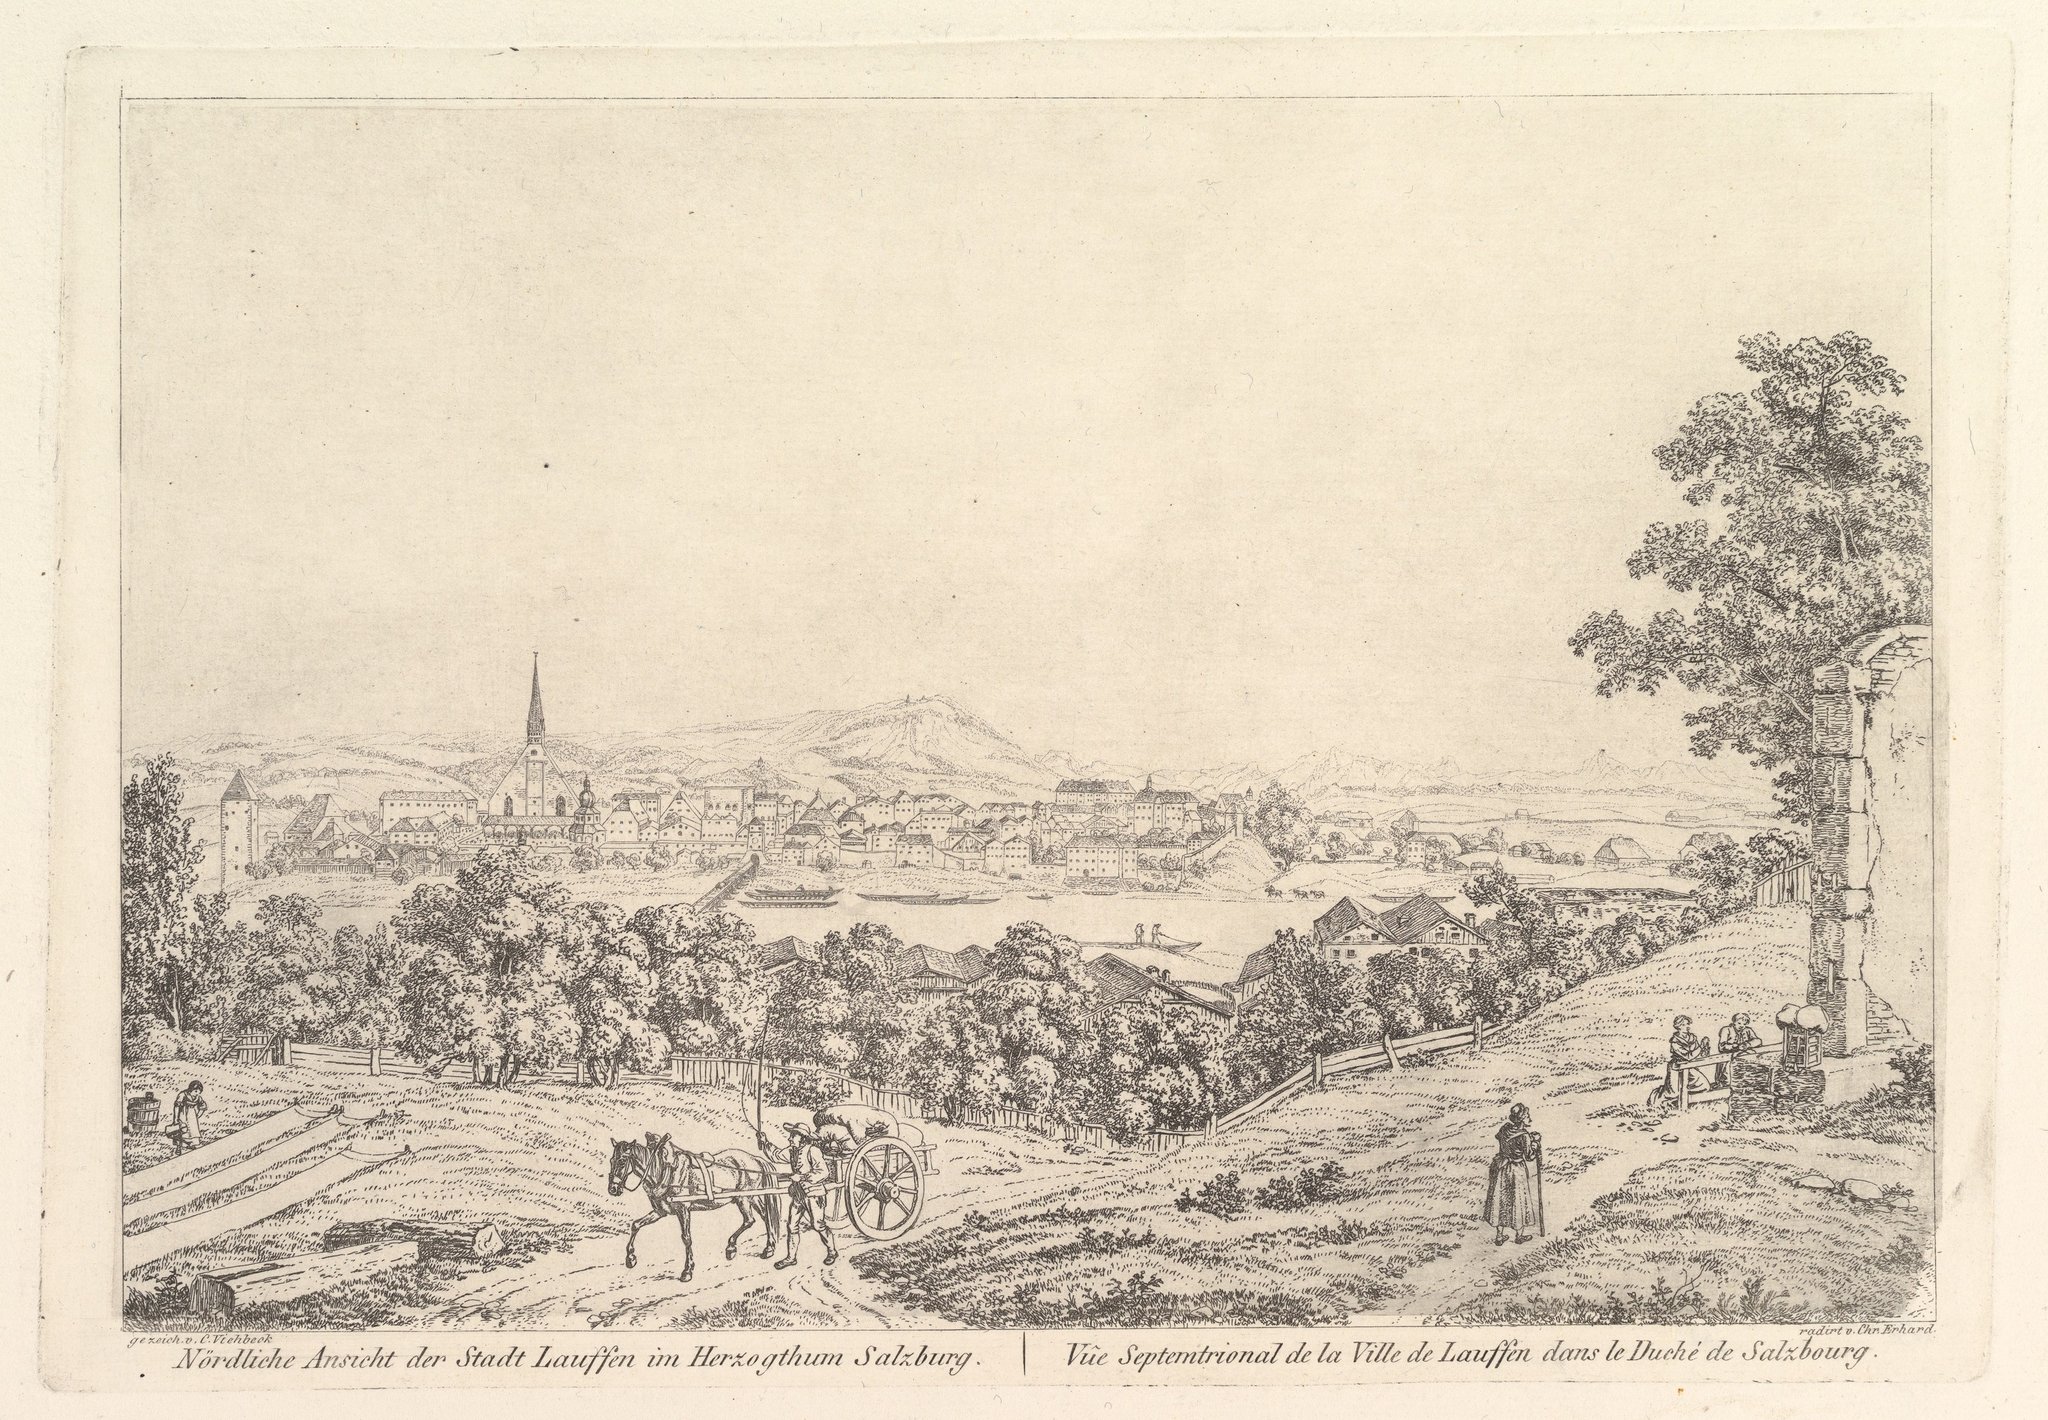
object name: print
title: Paths in the Dukedom of Salzburg
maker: johann christoph erhard
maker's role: artist
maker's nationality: german
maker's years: 1795-1822
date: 1801-1833
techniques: etching
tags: men,horses,landscapes,trees,carriages

------

**Task to complete:** Find each line in the listing above that contains "maker", and copy that line.

**Task solution:**
maker: johann christoph erhard
maker's role: artist
maker's nationality: german
maker's years: 1795-1822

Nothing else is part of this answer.